Parsing text using a formal grammar: SWIPL Example

So I think my definition of a “parser” may be much more inclusive than yours. A (text) parser is a program which takes flat text as input and produces a result. It ranges from a simple recognizer - the input text is, or is not, a legal “sentence” in the language formally specified by the grammar. Tokenizers (as I view them) produce a flat list of “tokens”. More capable parsers might produce an abstract syntax tree to be used in the next step of processing, e.g., mapping to a Prolog term, or some other suitable form for compiling.

pPEG is a generic parser system that uses a formal grammar specification to map input text to a generic kind of syntax tree, nothing more or less. If I want to produce Prolog terms from a grammar specification of Prolog syntax, I need a back end to define the semantics of the input text. But I could use the same formal grammar to produce, for example, a JSON equivalent of a term as a string, and that would require a different back end.

And because I could possibly implement any pPEG as a DCG (is that what you mean by “directly realized”?) doesn’t make it a “rip-off”. By the same token, DCG’s are a “rip-off” from Prolog itself. Furthermore, pPEG has an entirely different programming model - more like regular expressions’ direct execution model IMO. But, yes, I suppose it would be possible to “transpile” a PEG grammar to a DCG which would then presumably have to be asserted before it could be used. This would be more inline with traditional grammar systems, e.g., ANTLR, which I speculated might be one of the reasons grammars lagged far behind regular expressions in either usage or direct language support. There are probably many such options I might have chosen but did not. Instead I more closely followed the VM structure of implementations for other programming languages (JavaScript, Python, …) because I knew they worked.

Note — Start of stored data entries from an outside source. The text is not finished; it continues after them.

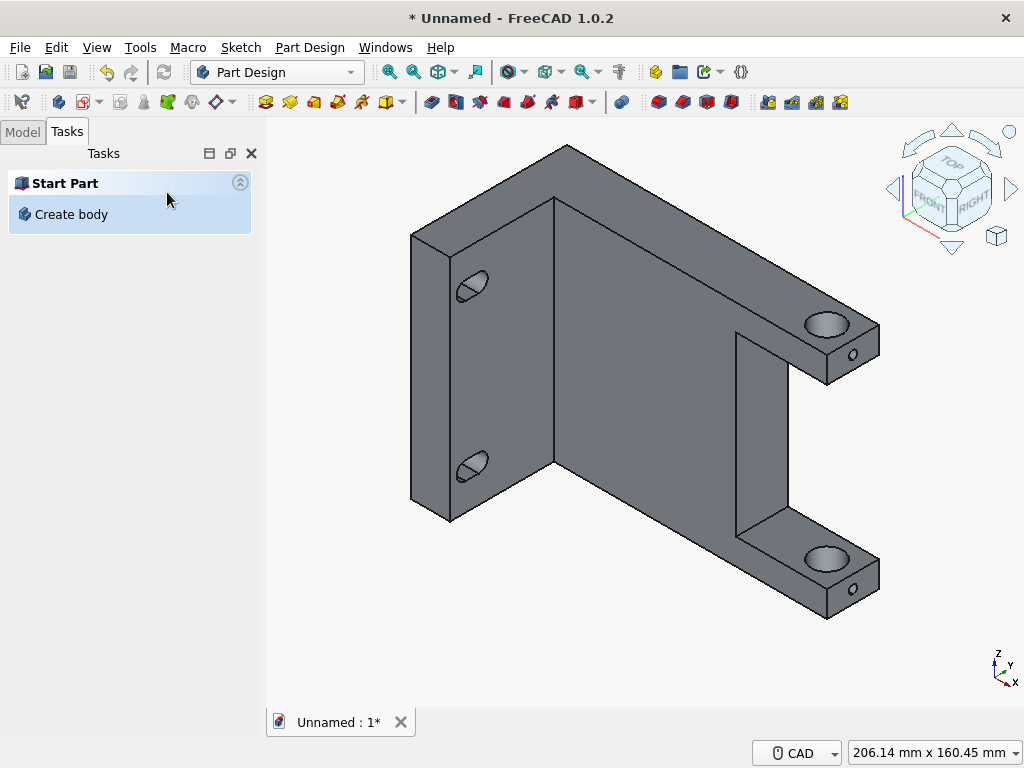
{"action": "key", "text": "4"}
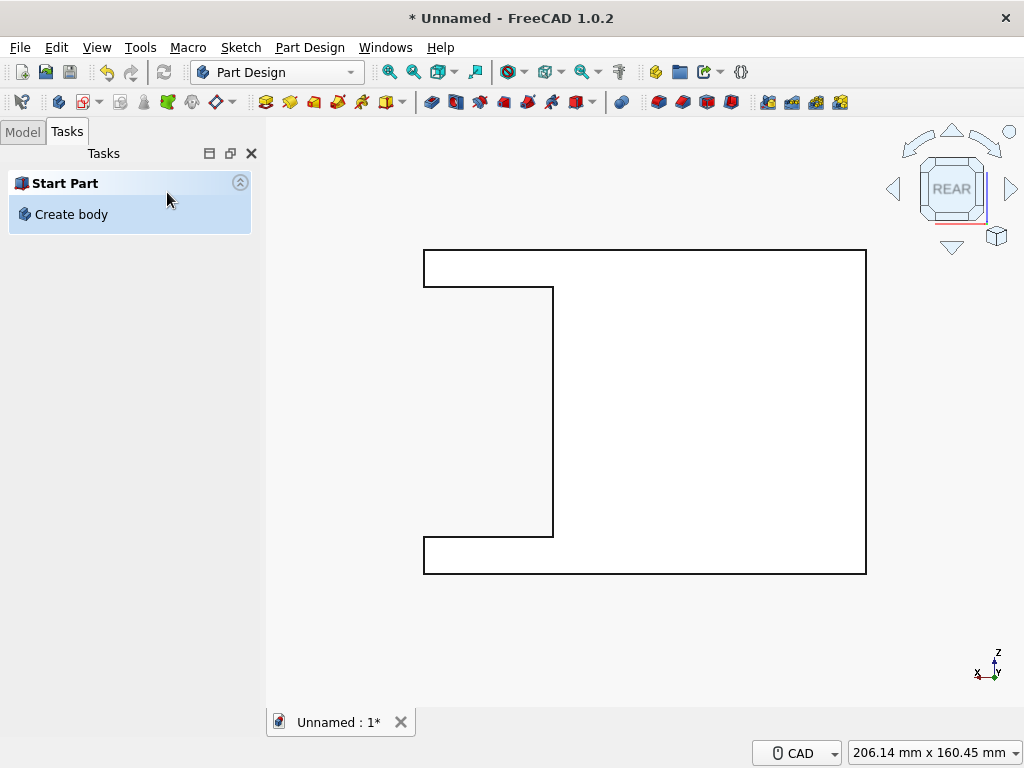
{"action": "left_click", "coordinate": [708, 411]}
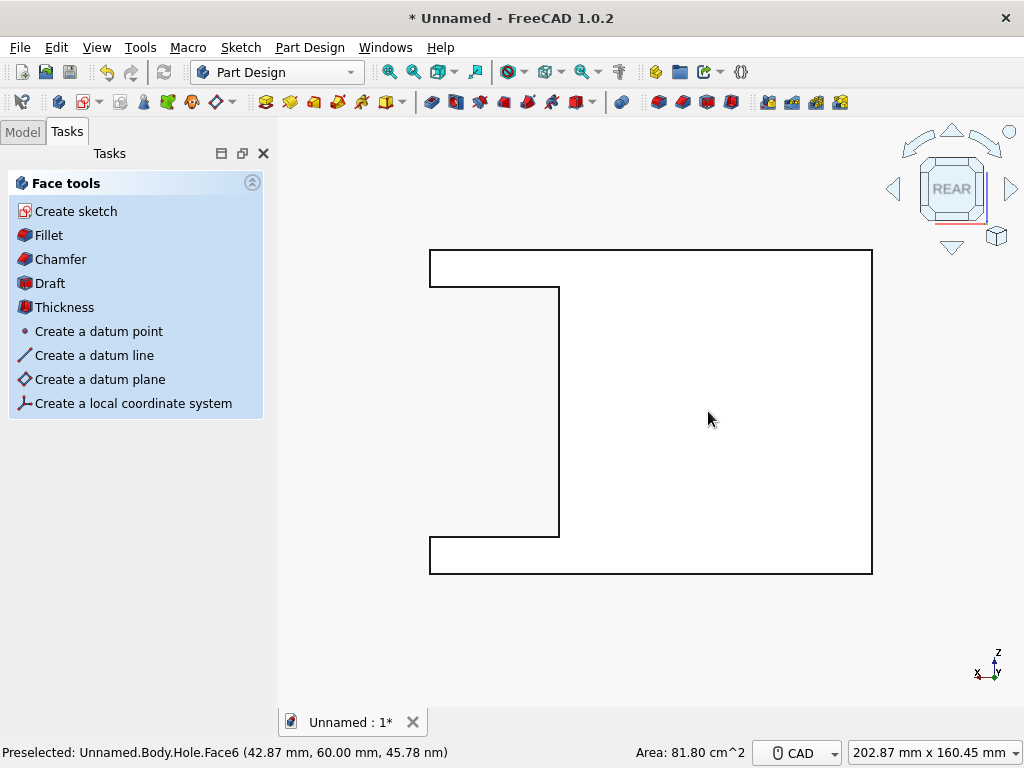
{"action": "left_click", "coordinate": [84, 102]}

Also note that pPEG operates on strings, not lists or arrays of characters, which could have a significant impact on memory usage and possibly even performance (not that I’m overly concerned about this right now):

?- S=`abcdefghijklmnopqrstuvwxyz`, term_size(S,Sz).
S = [97, 98, 99, 100, 101, 102, 103, 104, 105|...],
Sz = 78.

?- S="abcdefghijklmnopqrstuvwxyz", term_size(S,Sz).
S = "abcdefghijklmnopqrstuvwxyz",
Sz = 6.

Expressed as a list, how big would a 1000 line program be?